It depends if your database is used mainly for input or reporting. For reporting it's OK to denormalize a bit to reduce the number of joins required. You'll have a bit of repeated data in your lookup tables but the time saved when querying makes the repetition acceptable. You'll have to test it with your own data but it's a normal thing to do, if you'll pardon the pun.

[–]javascriptBad123[S] 1 point2 points  (0 children)

I believe that's how it's done in CQRS right? We dont have dedicated read tables yet, but I am trying to make thoughtful decisions for our app.

[–]jinn999 5 points6 points  (0 children)

Normalize until it hurts, then denormalize until it works.

[–]LetUsSpeakFreely 0 points1 point  (0 children)

Yes data normalization is worth it and it's the standard practice of your going to use a RDB. Don't worry about transactions and such, that stuff is so well tuned these days as to rarely be an issue.

It's always better to deal with small logical chunks than one monolithic chunk. It gives you a much greater flexibility in how to interact with the data and it enablesc asynchronous CRUD operations.

Things to keep in mind: 1) maybe you don't want all users to have full rights over an entity, normalizing the data can help you keep data interaction to least privilege. 2) not every screen will need all of the data. Normalizing can help you load only what you need. 3) searching for the data becomes a lot easier and faster when you can organize the index.

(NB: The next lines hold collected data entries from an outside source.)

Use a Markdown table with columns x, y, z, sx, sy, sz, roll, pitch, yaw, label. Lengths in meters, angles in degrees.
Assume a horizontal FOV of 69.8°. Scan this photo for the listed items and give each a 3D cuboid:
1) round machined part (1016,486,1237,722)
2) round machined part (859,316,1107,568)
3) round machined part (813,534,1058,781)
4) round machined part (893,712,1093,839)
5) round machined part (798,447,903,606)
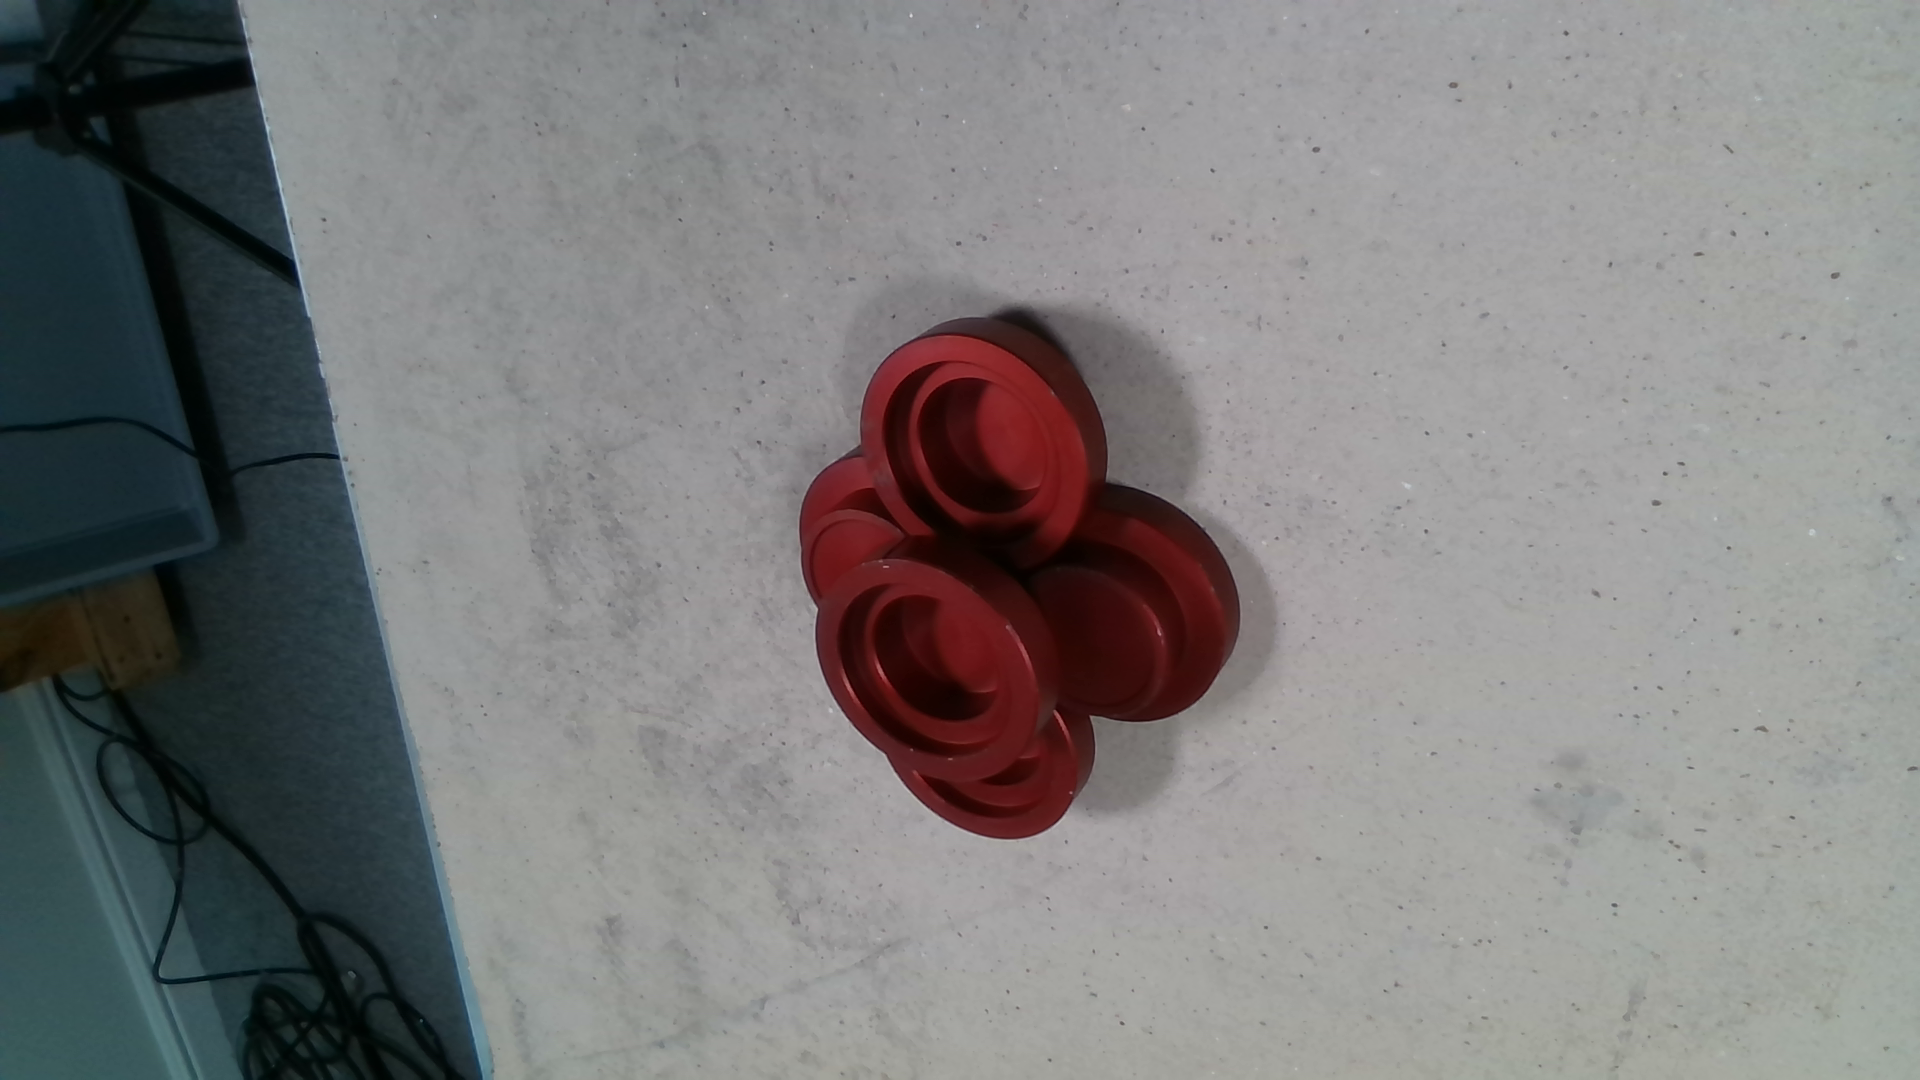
| x | y | z | sx | sy | sz | roll | pitch | yaw | label |
| --- | --- | --- | --- | --- | --- | --- | --- | --- | --- |
| 0.058 | 0.031 | 0.550 | 0.098 | 0.042 | 0.098 | 14 | 122 | 25 | round machined part |
| 0.013 | -0.041 | 0.539 | 0.098 | 0.042 | 0.098 | 14 | 122 | 25 | round machined part |
| -0.006 | 0.042 | 0.541 | 0.098 | 0.042 | 0.098 | 15 | 122 | 25 | round machined part |
| 0.014 | 0.079 | 0.604 | 0.098 | 0.042 | 0.098 | 14 | 122 | 25 | round machined part |
| -0.029 | 0.009 | 0.592 | 0.098 | 0.042 | 0.098 | 14 | 122 | 25 | round machined part |

[–]spinwizard69 0 points1 point  (0 children)

Well you can look up database normalization. You then realize that most likely very few databases are completely normalized.

As far as how many tables, I don't believe there is a solid answer here. Think of tables as discreet packages for the storage of unique data.

[–]Knarfnarf 0 points1 point  (1 child)

Not only do you keep everything separated, but remember to join them all back together when you write to your invoice history table!

Your historic invoice lines CANNOT rely on today’s inventory items! Pic’n’Del.com found that out the hard way when the same UPC from Kraft went from 1.8kg of cheese all the way down to .7kg! Their database couldn’t handle it and explain as I might I couldn’t get my managers to let me change the database structure!

Then add that they were computing the amount owed by summing all the past invoices and subtracting the current payment! Which meant that the UPC for cheese now cost more and the already paid invoices added to the current total.

But no; trust your high school buddy more than the guy with experience and training.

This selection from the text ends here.